**YOUR TASK**.
Nothing below is to be printed except the lines between the line holding "A: experiencing mild side effects" and the line holding "6) However, we", inclusive, each exactly as it appears.

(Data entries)
--- --- ---
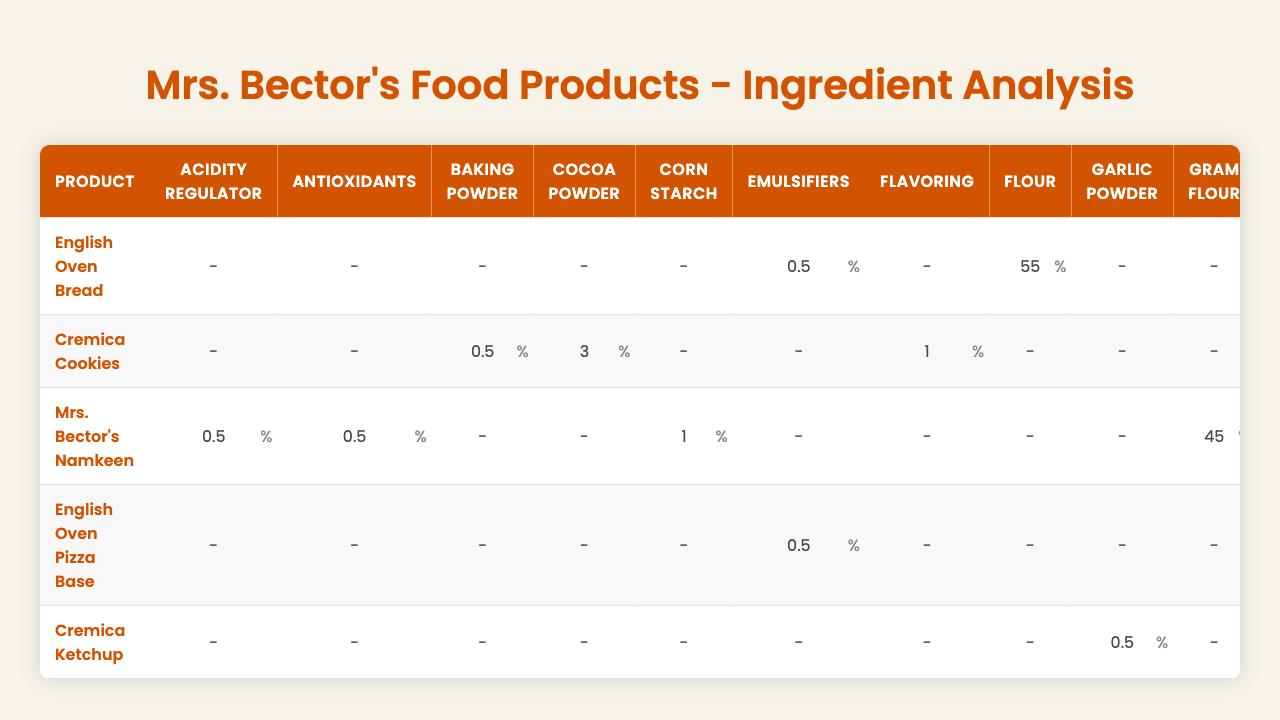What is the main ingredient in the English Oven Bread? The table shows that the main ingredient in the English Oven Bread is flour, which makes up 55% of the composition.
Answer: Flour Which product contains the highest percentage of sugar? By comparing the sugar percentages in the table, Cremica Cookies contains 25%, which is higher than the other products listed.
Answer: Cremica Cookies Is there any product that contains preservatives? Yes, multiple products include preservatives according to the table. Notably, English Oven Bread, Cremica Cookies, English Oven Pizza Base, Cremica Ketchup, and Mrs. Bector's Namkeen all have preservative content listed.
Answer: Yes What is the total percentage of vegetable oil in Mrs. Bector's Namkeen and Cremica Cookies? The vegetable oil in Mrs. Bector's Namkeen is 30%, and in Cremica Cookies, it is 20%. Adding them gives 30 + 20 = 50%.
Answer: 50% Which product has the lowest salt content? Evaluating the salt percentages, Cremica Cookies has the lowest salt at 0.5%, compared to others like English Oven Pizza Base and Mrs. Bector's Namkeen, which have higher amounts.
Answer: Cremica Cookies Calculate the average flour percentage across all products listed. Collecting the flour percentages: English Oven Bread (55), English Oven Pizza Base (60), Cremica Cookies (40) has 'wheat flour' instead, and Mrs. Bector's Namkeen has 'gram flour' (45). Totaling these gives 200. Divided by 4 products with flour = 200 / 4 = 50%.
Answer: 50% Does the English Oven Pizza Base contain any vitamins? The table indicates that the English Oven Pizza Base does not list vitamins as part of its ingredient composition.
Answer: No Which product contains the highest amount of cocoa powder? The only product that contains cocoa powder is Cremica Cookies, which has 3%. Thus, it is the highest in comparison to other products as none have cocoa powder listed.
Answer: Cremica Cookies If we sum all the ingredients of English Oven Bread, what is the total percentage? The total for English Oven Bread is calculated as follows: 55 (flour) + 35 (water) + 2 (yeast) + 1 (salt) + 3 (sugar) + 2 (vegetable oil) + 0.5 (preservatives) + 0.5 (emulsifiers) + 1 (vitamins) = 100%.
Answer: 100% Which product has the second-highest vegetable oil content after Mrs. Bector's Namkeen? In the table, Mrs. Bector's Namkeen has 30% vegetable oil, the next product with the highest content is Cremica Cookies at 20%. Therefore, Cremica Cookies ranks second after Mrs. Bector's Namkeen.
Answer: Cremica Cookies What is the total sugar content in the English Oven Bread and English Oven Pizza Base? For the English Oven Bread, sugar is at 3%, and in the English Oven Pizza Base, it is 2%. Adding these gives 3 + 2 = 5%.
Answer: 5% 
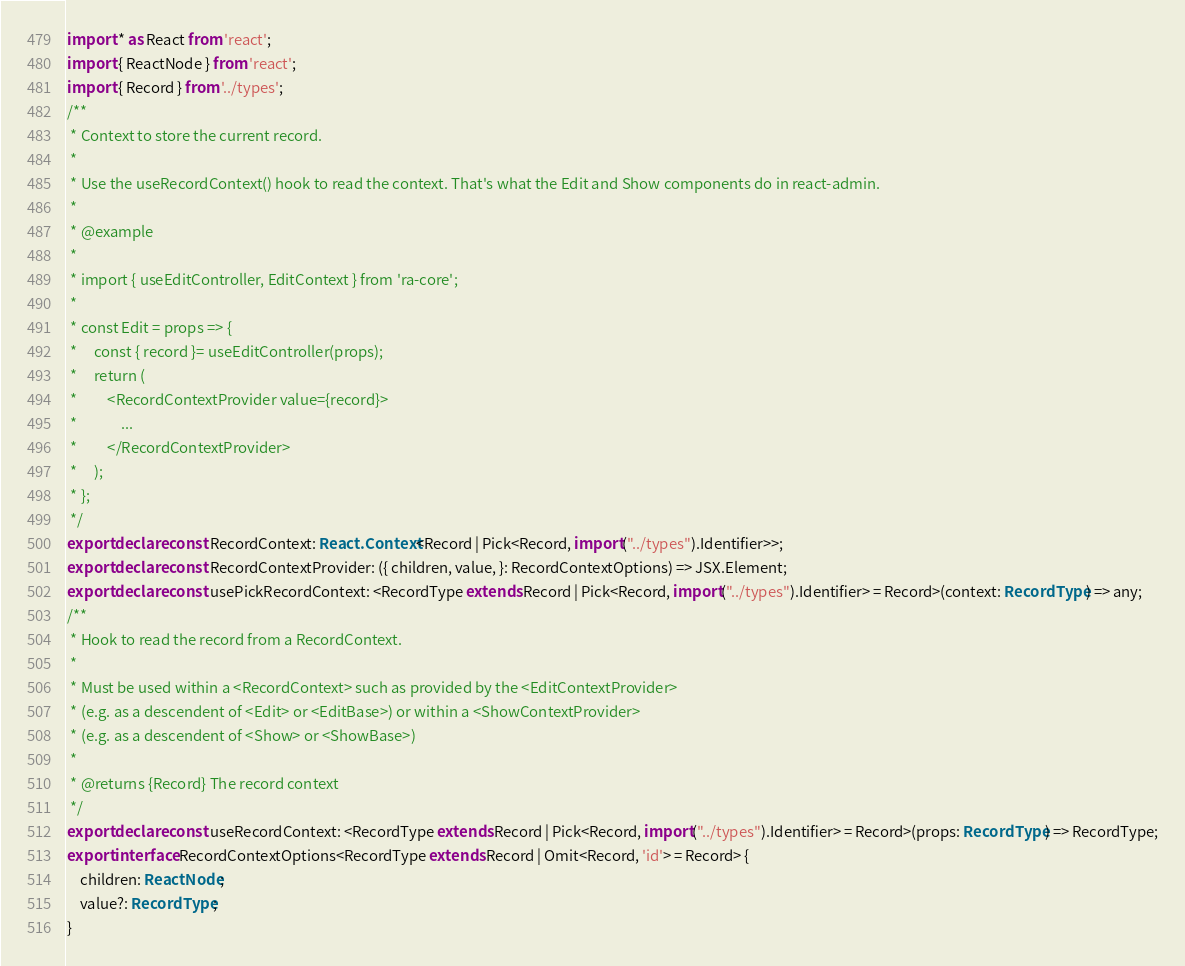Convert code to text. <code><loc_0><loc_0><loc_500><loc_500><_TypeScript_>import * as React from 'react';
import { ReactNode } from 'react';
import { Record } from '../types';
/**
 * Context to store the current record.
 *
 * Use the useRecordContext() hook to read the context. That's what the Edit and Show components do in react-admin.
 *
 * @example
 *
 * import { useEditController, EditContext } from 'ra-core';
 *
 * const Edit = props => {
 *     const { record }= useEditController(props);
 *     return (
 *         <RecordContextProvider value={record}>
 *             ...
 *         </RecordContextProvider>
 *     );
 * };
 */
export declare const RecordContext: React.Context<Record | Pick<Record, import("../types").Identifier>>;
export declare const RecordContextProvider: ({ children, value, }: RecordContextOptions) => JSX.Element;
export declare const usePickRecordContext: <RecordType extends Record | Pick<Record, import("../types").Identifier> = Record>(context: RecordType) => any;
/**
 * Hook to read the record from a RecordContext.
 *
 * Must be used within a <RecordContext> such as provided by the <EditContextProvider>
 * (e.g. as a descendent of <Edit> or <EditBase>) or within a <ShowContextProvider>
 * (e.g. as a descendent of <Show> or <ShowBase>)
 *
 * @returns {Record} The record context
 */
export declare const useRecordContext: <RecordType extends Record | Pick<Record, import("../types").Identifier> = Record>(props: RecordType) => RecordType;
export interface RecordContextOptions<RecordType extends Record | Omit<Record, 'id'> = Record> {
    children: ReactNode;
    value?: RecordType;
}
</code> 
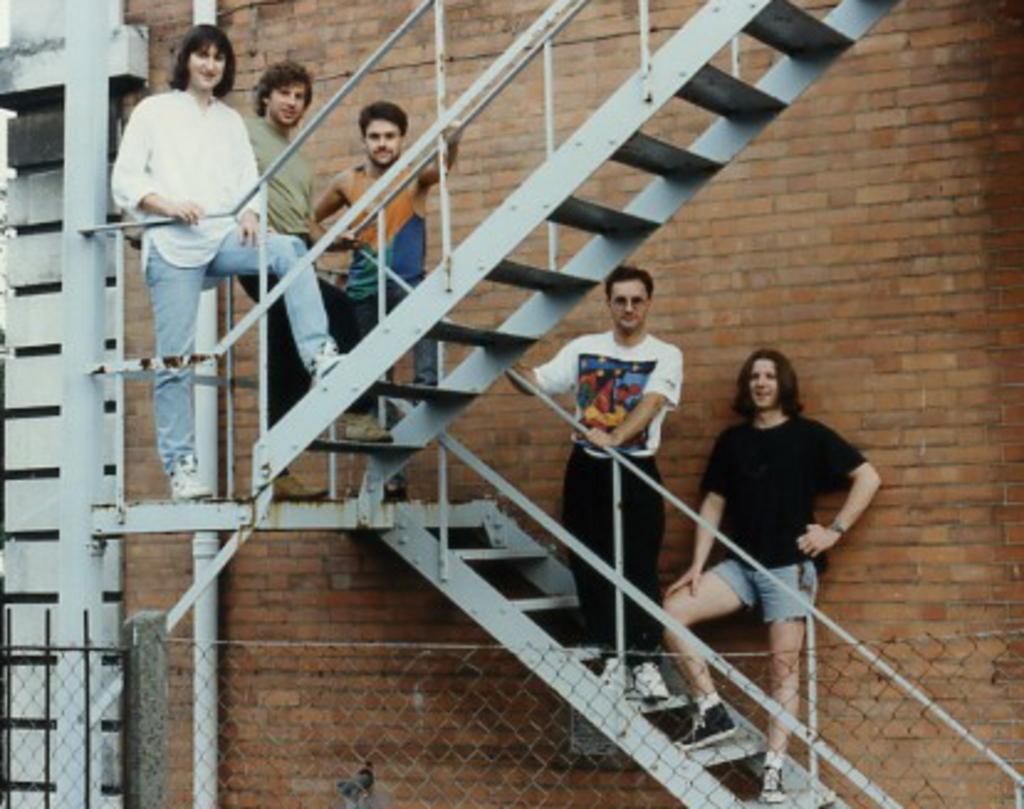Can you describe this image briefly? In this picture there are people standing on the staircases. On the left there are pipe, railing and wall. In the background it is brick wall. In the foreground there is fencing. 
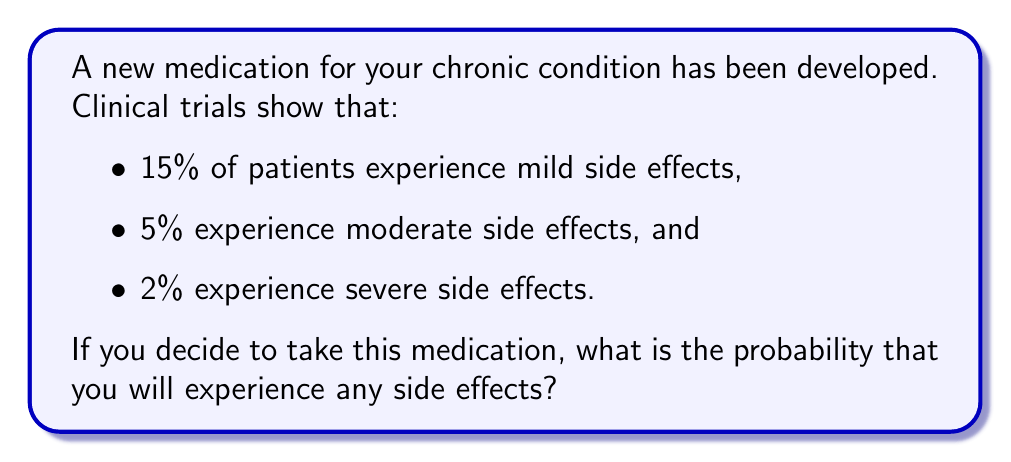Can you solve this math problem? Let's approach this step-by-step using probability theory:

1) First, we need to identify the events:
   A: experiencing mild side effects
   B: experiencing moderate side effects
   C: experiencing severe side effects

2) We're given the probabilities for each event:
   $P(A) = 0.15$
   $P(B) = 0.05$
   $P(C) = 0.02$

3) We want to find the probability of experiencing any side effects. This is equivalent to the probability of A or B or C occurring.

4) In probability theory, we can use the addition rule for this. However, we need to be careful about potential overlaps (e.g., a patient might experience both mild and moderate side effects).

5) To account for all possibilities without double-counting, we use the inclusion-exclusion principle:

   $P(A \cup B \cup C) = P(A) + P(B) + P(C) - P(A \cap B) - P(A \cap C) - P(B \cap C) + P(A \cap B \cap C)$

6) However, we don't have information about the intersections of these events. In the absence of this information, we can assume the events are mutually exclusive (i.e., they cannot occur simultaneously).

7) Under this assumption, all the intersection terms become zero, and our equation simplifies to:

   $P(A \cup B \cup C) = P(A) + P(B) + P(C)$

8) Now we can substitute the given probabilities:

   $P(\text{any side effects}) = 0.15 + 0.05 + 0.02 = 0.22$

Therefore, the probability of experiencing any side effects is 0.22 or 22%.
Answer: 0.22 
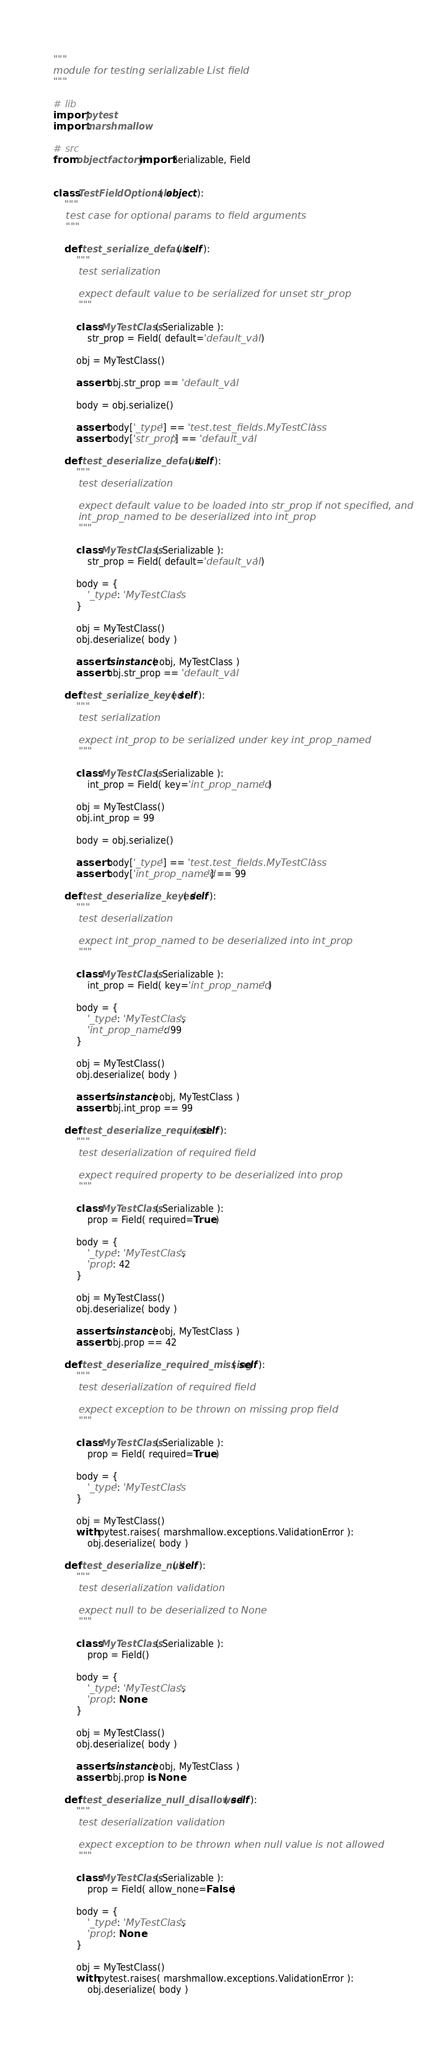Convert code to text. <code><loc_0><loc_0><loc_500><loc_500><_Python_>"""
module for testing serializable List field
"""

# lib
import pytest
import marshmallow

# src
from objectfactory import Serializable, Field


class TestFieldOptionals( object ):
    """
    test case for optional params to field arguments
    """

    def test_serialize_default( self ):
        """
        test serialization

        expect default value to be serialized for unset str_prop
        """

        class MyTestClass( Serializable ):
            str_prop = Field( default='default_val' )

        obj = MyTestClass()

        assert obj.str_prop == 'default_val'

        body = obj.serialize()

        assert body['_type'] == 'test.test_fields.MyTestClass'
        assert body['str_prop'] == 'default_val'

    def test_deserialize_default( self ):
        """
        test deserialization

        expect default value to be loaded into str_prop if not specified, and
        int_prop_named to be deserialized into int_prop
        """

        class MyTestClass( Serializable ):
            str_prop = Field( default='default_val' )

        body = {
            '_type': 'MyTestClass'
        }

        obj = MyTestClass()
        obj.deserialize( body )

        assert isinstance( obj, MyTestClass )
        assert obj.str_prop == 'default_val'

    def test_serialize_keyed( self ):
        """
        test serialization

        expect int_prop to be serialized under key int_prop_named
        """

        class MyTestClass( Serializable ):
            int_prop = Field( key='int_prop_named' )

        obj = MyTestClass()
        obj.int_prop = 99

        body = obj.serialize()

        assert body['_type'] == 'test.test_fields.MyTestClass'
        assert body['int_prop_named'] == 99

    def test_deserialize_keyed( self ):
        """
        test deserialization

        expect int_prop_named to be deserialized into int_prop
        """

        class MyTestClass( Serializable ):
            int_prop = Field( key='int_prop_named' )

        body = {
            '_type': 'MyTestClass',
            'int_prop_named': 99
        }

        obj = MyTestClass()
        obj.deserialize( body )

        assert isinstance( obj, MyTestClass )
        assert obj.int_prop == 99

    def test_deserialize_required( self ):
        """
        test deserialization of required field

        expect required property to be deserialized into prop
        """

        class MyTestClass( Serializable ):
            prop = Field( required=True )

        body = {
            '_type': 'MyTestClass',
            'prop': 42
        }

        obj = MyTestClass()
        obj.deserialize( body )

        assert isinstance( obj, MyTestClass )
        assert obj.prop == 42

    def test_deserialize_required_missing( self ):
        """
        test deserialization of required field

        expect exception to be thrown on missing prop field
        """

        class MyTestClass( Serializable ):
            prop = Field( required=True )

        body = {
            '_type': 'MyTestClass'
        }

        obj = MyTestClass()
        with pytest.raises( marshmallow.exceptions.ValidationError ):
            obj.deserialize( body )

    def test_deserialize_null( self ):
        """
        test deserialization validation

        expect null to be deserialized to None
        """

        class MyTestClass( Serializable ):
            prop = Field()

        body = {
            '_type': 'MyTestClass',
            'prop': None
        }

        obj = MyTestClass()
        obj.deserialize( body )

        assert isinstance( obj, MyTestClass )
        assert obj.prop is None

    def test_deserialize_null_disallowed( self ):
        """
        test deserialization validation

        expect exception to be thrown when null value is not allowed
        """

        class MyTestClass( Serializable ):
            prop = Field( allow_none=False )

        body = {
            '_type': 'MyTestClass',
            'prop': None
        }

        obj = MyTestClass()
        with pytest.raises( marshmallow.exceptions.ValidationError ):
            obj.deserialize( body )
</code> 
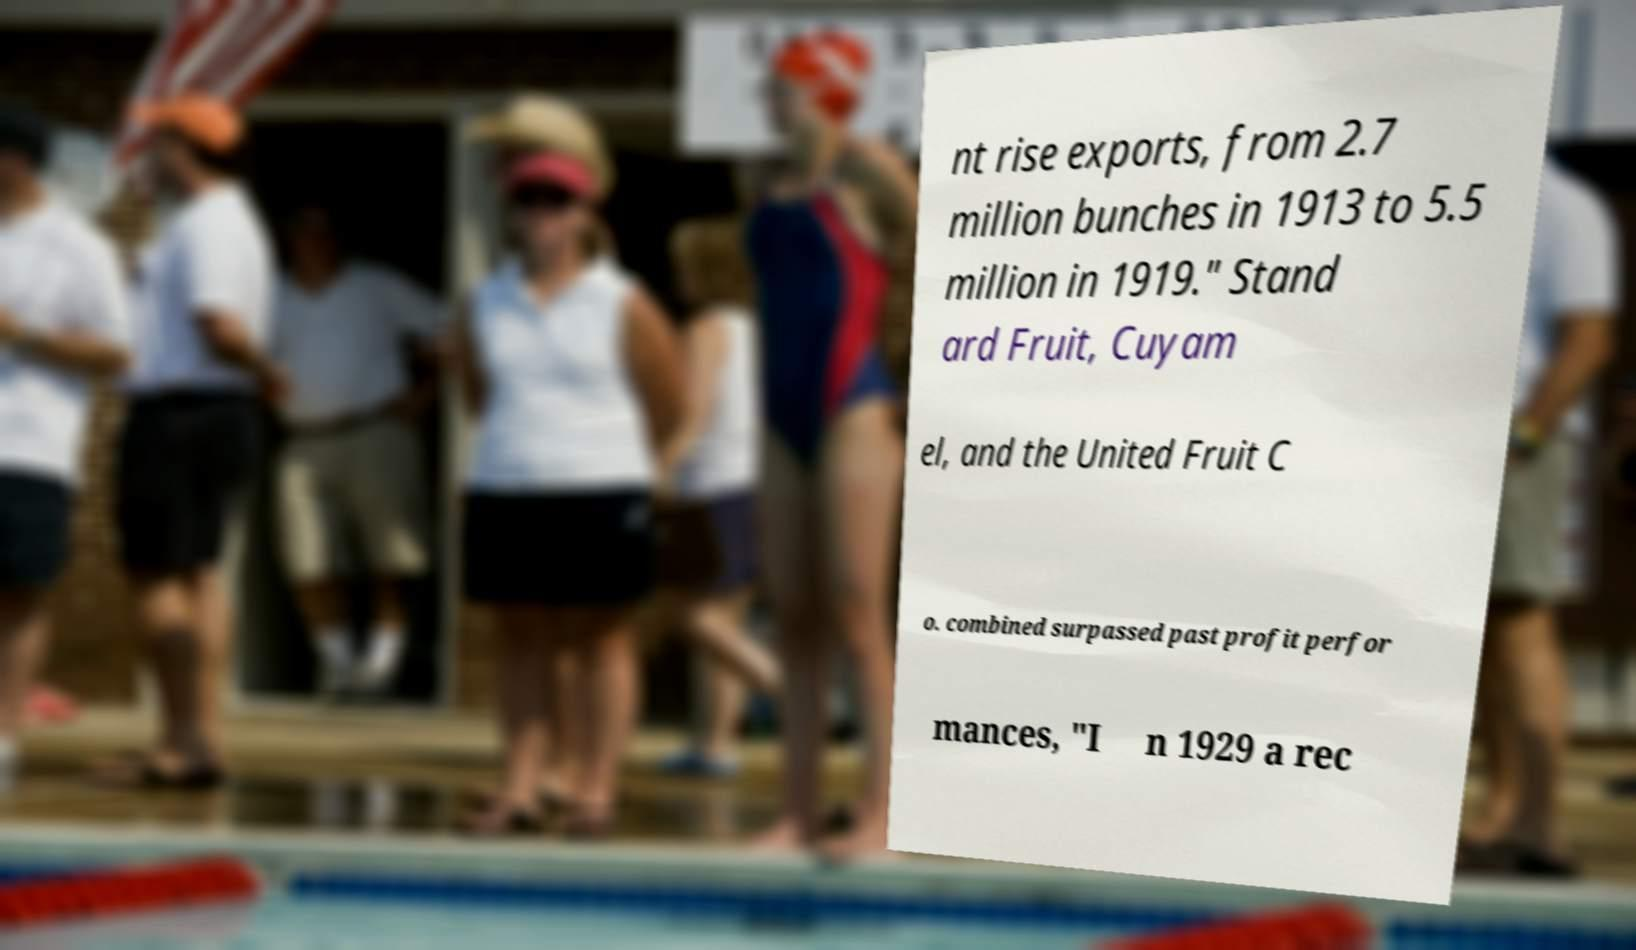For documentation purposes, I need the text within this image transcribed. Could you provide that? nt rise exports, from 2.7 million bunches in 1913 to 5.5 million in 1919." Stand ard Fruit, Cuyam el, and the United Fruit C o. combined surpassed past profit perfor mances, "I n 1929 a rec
--- --- ---
**YOUR RESPONSE**.
   A: experiencing mild side effects
   B: experiencing moderate side effects
   C: experiencing severe side effects

2) We're given the probabilities for each event:
   $P(A) = 0.15$
   $P(B) = 0.05$
   $P(C) = 0.02$

3) We want to find the probability of experiencing any side effects. This is equivalent to the probability of A or B or C occurring.

4) In probability theory, we can use the addition rule for this. However, we need to be careful about potential overlaps (e.g., a patient might experience both mild and moderate side effects).

5) To account for all possibilities without double-counting, we use the inclusion-exclusion principle:

   $P(A \cup B \cup C) = P(A) + P(B) + P(C) - P(A \cap B) - P(A \cap C) - P(B \cap C) + P(A \cap B \cap C)$

6) However, we don't have information about the intersections of these events. In the absence of this information, we can assume the events are mutually exclusive (i.e., they cannot occur simultaneously).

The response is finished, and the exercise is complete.